I am working with RNA-seq. After mapping a couple of files with paired-end data against a reference genome I have obtained a .bam file from which I have extracted the unmapped reads into another .bam file with:
samtools view -b -f 4 01_BS-S2.bam > unmapped.bam
and, afterwards, I have sorted it with:
samtools sort -n unmapped.bam myout
Then, an inspection of its content with:
samtools fgstat myout.bam
gives the next result:
19052725 + 0 in total (QC-passed reads + QC-failed reads) 0 + 0 secondary 0 + 0 supplementary 0 + 0 duplicates 0 + 0 mapped (0.00% : N/A) 19052725 + 0 paired in sequencing 9587227 + 0 read1 9465498 + 0 read2 0 + 0 properly paired (0.00% : N/A) 0 + 0 with itself and mate mapped 0 + 0 singletons (0.00% : N/A) 0 + 0 with mate mapped to a different chr 0 + 0 with mate mapped to a different chr (mapQ>=5)
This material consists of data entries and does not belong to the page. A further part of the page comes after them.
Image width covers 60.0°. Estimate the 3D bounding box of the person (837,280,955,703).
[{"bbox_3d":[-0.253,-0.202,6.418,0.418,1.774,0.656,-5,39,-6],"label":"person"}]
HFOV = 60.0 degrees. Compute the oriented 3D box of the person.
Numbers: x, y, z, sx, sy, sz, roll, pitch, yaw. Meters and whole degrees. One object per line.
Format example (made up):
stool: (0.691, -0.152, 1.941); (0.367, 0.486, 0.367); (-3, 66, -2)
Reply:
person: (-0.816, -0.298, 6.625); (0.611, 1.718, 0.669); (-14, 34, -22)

in which I assume that there are single-end sequences unmapped due to incomplete alignments of some paired-ends (the number of read1 and read2 are different). In order to create a new partial transcriptome I need to convert this myout.bam into fastq files, so I execute:
samtools fastq -1 pe1.fq -2 pe2.fq -s se.fq myout.bam
whose result is (no other output is produced but this):
[M::bam2fq_mainloop_singletontrack] discarded 2125818 singletons [M::bam2fq_mainloop_singletontrack] processed 19052725 reads
in which the number of processed sequences matches with the output of the flagstat command. However, when I analyze the files p1.fastq and p2.fastq, I find that each of them contains 7920630 sequences, whereas the se.fastq contains the expected 2125818. Therefore, the number of sequences in these three files is: 7920630x2 + 2125818= 17967078 what does not match with the 19052725 processed.
Where are the remaining 1085647 reads (19052725 - 17967078)? Any idea?